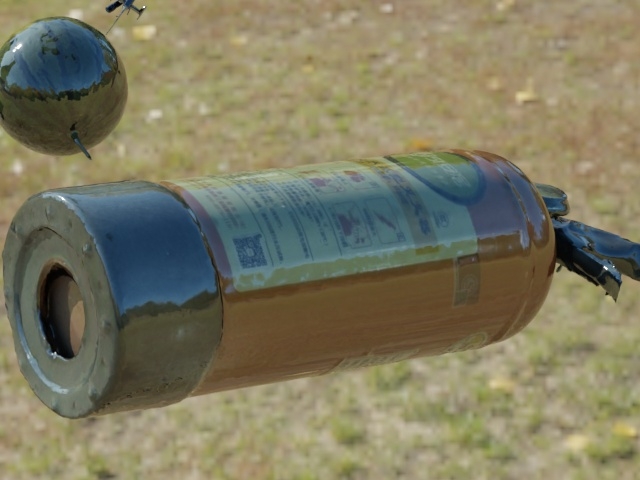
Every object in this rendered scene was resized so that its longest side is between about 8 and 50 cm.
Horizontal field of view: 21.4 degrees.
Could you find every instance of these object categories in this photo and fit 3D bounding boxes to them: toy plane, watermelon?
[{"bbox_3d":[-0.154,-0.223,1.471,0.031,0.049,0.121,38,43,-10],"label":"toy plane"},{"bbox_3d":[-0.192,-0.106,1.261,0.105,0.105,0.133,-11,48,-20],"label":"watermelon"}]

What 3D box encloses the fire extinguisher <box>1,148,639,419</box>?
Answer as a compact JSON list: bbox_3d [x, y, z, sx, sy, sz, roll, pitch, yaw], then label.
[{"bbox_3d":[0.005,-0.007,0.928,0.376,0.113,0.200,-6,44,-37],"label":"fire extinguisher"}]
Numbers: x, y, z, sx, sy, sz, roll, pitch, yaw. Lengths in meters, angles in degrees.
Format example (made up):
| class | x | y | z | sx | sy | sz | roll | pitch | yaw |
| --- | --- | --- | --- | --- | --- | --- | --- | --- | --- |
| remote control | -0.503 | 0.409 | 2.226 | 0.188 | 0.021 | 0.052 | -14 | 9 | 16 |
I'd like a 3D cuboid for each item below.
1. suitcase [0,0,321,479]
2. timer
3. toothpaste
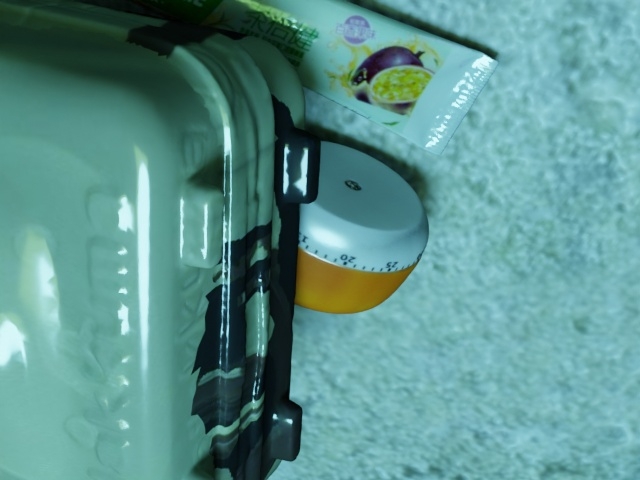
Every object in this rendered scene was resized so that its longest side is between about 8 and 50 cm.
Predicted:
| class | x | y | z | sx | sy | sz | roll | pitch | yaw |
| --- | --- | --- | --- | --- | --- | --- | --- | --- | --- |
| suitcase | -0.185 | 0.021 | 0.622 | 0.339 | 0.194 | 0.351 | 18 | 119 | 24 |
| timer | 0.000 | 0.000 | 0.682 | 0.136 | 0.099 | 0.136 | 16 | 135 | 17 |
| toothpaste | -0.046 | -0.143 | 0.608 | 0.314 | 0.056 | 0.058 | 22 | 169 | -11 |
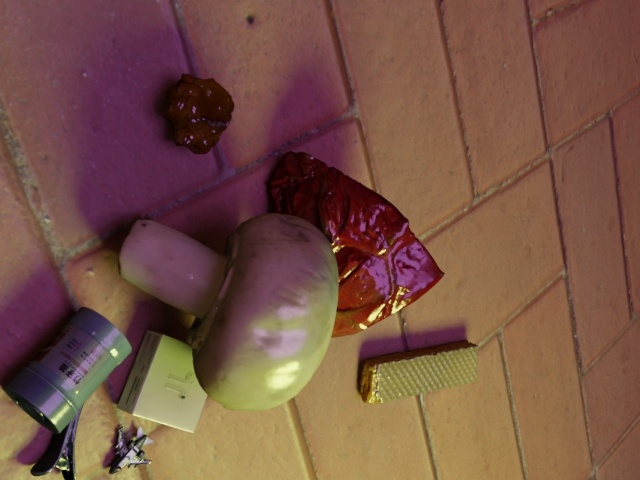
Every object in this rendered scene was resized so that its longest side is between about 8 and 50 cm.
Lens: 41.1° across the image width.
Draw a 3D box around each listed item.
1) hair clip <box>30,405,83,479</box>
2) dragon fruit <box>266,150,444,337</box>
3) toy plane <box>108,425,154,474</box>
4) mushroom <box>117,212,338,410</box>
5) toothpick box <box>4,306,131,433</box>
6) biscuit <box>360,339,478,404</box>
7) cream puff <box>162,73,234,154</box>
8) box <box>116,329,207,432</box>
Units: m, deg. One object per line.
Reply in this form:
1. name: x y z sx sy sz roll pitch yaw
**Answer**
==
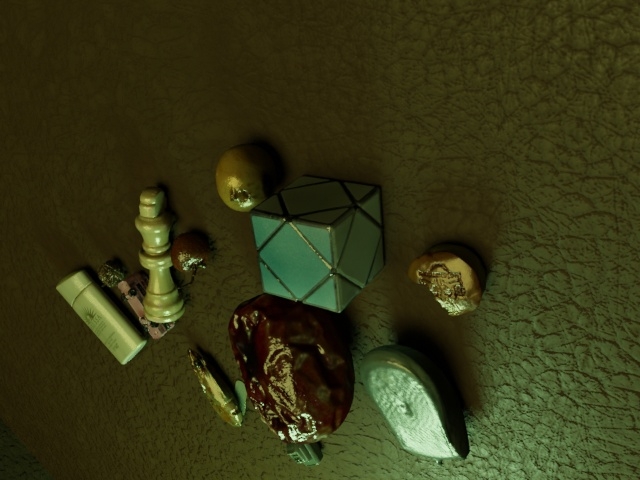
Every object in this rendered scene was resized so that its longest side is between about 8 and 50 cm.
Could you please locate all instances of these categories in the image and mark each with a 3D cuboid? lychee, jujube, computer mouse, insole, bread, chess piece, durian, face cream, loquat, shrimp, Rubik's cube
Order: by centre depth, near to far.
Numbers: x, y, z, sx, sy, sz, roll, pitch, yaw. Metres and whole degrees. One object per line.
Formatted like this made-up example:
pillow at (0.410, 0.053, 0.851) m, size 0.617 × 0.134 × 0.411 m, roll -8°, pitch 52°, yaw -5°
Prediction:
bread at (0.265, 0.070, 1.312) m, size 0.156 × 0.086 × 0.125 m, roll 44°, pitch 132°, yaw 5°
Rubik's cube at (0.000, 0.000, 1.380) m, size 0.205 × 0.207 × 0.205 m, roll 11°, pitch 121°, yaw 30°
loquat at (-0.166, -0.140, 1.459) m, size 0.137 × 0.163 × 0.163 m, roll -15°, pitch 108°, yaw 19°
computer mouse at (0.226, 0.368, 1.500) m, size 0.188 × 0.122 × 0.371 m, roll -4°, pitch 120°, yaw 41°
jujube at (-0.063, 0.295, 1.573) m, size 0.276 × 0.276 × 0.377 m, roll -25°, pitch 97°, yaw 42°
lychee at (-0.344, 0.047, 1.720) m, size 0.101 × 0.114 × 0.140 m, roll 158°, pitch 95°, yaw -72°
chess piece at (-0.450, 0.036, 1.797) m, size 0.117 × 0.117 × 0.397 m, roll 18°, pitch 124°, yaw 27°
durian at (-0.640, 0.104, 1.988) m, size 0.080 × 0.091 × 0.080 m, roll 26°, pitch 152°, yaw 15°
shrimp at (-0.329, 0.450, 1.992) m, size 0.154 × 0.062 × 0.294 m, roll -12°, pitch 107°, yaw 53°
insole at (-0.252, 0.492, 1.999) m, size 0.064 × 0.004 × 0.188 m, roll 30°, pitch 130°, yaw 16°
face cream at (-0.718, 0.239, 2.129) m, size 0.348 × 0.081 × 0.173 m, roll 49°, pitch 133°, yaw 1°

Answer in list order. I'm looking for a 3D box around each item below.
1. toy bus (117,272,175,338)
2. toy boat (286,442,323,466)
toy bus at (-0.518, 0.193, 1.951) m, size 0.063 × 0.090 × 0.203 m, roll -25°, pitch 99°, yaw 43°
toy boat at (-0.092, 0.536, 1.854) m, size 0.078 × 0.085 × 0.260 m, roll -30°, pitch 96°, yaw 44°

> Instructions to follow
Start at the line above containing "1. suitcase [0,0,321,479]" and stop at the line containing "1) hair clip <box>30,405,83,479</box>": print those lines and everything between them exactly, but not the pictures.

> Answer area
1. suitcase [0,0,321,479]
2. timer
3. toothpaste
Every object in this rendered scene was resized so that its longest side is between about 8 and 50 cm.
Predicted:
| class | x | y | z | sx | sy | sz | roll | pitch | yaw |
| --- | --- | --- | --- | --- | --- | --- | --- | --- | --- |
| suitcase | -0.185 | 0.021 | 0.622 | 0.339 | 0.194 | 0.351 | 18 | 119 | 24 |
| timer | 0.000 | 0.000 | 0.682 | 0.136 | 0.099 | 0.136 | 16 | 135 | 17 |
| toothpaste | -0.046 | -0.143 | 0.608 | 0.314 | 0.056 | 0.058 | 22 | 169 | -11 |
Every object in this rendered scene was resized so that its longest side is between about 8 and 50 cm.
Lens: 41.1° across the image width.
Draw a 3D box around each listed item.
1) hair clip <box>30,405,83,479</box>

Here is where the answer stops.